Abstract:
A method of measuring radio path quality values (SQ) in a digital mobile telephone network (PLMN) comprising at least one mobile station (MS). In the method, co-ordinates (XY) of a measuring point are determined and transmitted to the mobile telephone network (PLMN). A mobile test device (TS) measures the radio path quality values (SQ) from a downlink transmission path. The mobile telephone network (PLMN) measures the radio path quality values (SQ) from an uplink transmission path. According to the invention, the mobile test device (TS) sends the results from said measurements to the mobile telephone network (PLMN) essentially without delay. The mobile telephone network (PLMN) receives the measurement results (SQ) sent by the mobile test device (TS) and combines them with its own measurement results (SQ) and with the co-ordinates (XY) of the measuring point essentially without delay.

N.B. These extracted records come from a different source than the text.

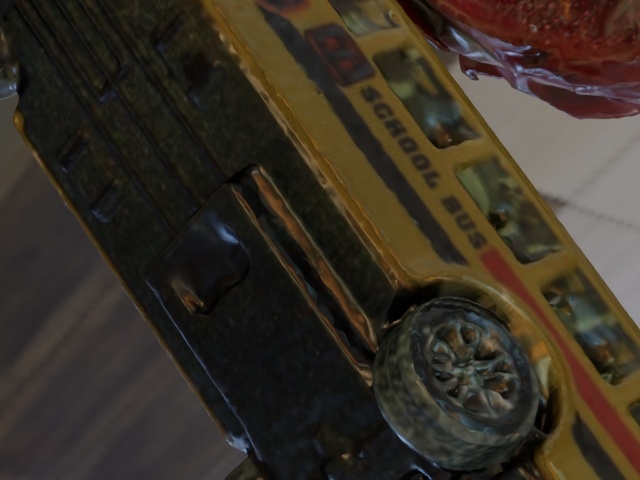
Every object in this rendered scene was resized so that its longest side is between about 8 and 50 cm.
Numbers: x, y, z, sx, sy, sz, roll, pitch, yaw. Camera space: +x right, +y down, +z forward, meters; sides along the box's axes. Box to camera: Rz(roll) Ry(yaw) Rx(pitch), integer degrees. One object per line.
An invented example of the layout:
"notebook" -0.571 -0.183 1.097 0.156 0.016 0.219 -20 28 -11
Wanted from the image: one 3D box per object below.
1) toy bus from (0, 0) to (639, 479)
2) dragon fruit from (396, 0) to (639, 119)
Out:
"toy bus" 0.000 0.000 0.640 0.123 0.335 0.121 -23 164 -45
"dragon fruit" 0.199 -0.234 1.127 0.371 0.386 0.249 8 164 17

The mobile telephone network (PLMN, OMC) has access to the combined measurement results (SQ, XY) as soon as possible, whereby the measurement results can be used for instance for controlling the location of the test device (TS).

Description:
This application is the national phase of international application PCT/F196/00683 filed Dec. 20, 1996, which designated the U.S. 
    
    
     BACKGROUND OF THE INVENTION 
     The invention relates to maintenance of quality in a mobile telephone network and especially to measurement of radio path quality and coordinates of a measuring point at an arbitrary point of the network. 

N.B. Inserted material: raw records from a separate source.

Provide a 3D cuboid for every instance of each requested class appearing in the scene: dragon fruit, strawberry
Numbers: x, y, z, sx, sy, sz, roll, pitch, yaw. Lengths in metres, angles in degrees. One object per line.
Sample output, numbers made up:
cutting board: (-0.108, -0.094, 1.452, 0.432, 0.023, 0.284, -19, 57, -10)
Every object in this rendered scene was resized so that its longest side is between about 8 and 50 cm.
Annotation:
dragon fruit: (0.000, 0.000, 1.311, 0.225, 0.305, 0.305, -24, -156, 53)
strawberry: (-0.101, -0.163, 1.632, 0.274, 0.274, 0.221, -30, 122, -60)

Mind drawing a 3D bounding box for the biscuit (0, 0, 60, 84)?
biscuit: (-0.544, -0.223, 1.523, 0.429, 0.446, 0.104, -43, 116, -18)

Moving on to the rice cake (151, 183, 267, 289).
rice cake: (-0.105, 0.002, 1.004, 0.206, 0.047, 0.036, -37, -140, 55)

     FIG. 1 shows those parts of a mobile station system which are substantial for the invention. A mobile station MS communicates by radio with a base station BTS. One or several base stations BTS form together with a base station controller BSC a base station subsystem BSS, which again is connected to a mobile telephone network PLMN. The quality of the services produced by the network is monitored in a network management subsystem NMS and, to be precise, in an operation and maintenance centre OMC therein. The broken lines in FIG. 1 represent interfaces crossed by signals. Signals between the mobile station MS and the base station BTS propagate over air interface. The base station subsystem BSS communicates with the network subsystem over A interface. The management subsystem NMS communicates with the rest of the network over operation and maintenance interface O&amp;M. 
     Signals do not always propagate straight between an antenna ANT of a base station BTS and a mobile station MS. The propagation of signals is interfered e.g. by attenuations caused by terrain form and buildings, reflections from even surfaces, such as walls of buildings. When signals arriving along different paths are summed in a receiver, it can be observed that the signal strength as a function of the distance of the receiver reaches several minimum points at distances of almost one wavelength from each other. The phenomenon is called Rayleigh fading, i.e. multipath fading. See e.g. Mouly-Pautet: “The GSM System for Mobile Communications”, FIG. 4.19 with explanation. Other interfering factors are for instance narrow-band interferences from other mobile stations MS and broadband interferences from electric systems of cars or from lightnings, for instance. In addition, rain attenuates radio signals. 
     For monitoring the signal quality in a mobile telephone network, the following parameters among others are used: signal strength, bit error ratio BER and propagation time, on the basis of which a timing advance is formed. Within the scope of this application, these parameters associated with signal quality are combined to a concept ‘signal quality’ SQ. In the exemplifying GSM system, both the mobile station and the base station measure the above three parameters. The mobile station measures the signal strength in that base station where it is locked and, in addition to that, in adjacent base stations. 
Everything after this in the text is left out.